• [LISTED RECORDS]
◇ ◇ ◇ ◇ ◇ ◇ ◇

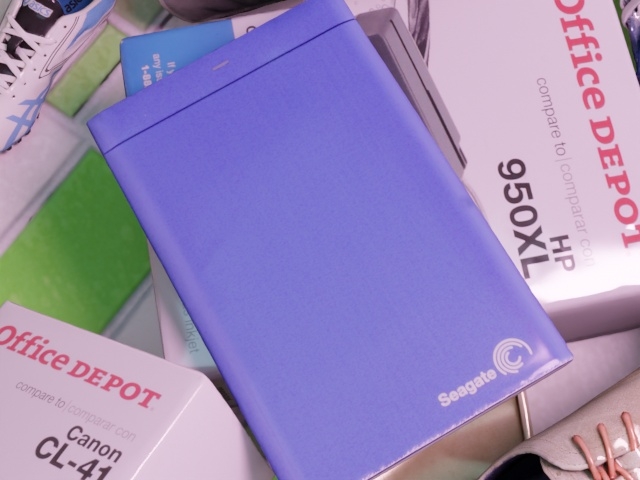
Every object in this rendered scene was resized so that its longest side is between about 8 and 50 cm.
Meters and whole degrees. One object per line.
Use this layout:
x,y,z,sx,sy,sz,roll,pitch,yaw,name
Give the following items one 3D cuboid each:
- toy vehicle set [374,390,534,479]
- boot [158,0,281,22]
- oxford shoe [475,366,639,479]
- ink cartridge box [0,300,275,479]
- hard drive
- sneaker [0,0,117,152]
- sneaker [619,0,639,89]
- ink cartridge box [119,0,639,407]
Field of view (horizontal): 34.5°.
0.099,0.247,0.820,0.165,0.035,0.267,-6,73,1,toy vehicle set
-0.051,-0.231,0.867,0.208,0.189,0.076,3,94,26,boot
0.220,0.150,0.661,0.397,0.146,0.140,-43,61,20,oxford shoe
-0.215,0.211,0.691,0.226,0.131,0.306,14,56,35,ink cartridge box
0.000,0.000,0.724,0.210,0.040,0.319,-29,75,-5,hard drive
-0.269,-0.178,0.942,0.085,0.086,0.237,30,78,9,sneaker
0.276,-0.262,0.858,0.236,0.130,0.323,46,50,-5,sneaker
0.061,-0.044,0.843,0.394,0.166,0.286,-11,74,-1,ink cartridge box
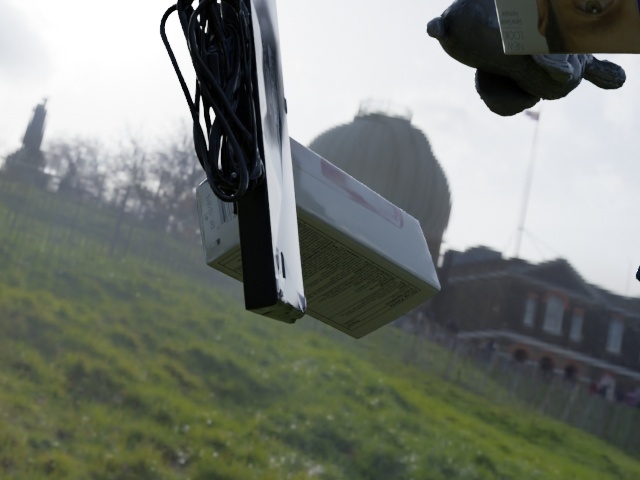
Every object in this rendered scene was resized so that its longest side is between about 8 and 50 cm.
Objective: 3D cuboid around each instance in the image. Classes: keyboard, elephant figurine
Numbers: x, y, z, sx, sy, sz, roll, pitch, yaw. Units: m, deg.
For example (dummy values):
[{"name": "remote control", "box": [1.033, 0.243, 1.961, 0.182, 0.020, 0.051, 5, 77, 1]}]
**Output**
[{"name": "keyboard", "box": [-0.038, -0.064, 0.426, 0.038, 0.192, 0.100, -8, -12, 7]}, {"name": "elephant figurine", "box": [0.280, -0.247, 1.414, 0.239, 0.186, 0.169, 46, 2, 1]}]

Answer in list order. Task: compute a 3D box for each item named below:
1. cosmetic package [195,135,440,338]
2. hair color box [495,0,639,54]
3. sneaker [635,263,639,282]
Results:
[{"name": "cosmetic package", "box": [0.000, 0.000, 1.359, 0.153, 0.129, 0.296, -33, -41, 25]}, {"name": "hair color box", "box": [0.226, -0.339, 0.938, 0.110, 0.338, 0.185, -25, 21, -26]}, {"name": "sneaker", "box": [0.438, 0.033, 1.246, 0.135, 0.058, 0.052, -12, -48, -7]}]

◇ ◇ ◇ ◇ ◇ ◇ ◇

• [TASK STATEMENT]
Only the lines above from the one with "Objective: 3D cuboid" up to and including the one with "3. sneaker [635,263,639,282]" should be repeated, exactly as written.

• [RESULT OF THE EXERCISE]
Objective: 3D cuboid around each instance in the image. Classes: keyboard, elephant figurine
Numbers: x, y, z, sx, sy, sz, roll, pitch, yaw. Units: m, deg.
For example (dummy values):
[{"name": "remote control", "box": [1.033, 0.243, 1.961, 0.182, 0.020, 0.051, 5, 77, 1]}]
**Output**
[{"name": "keyboard", "box": [-0.038, -0.064, 0.426, 0.038, 0.192, 0.100, -8, -12, 7]}, {"name": "elephant figurine", "box": [0.280, -0.247, 1.414, 0.239, 0.186, 0.169, 46, 2, 1]}]

Answer in list order. Task: compute a 3D box for each item named below:
1. cosmetic package [195,135,440,338]
2. hair color box [495,0,639,54]
3. sneaker [635,263,639,282]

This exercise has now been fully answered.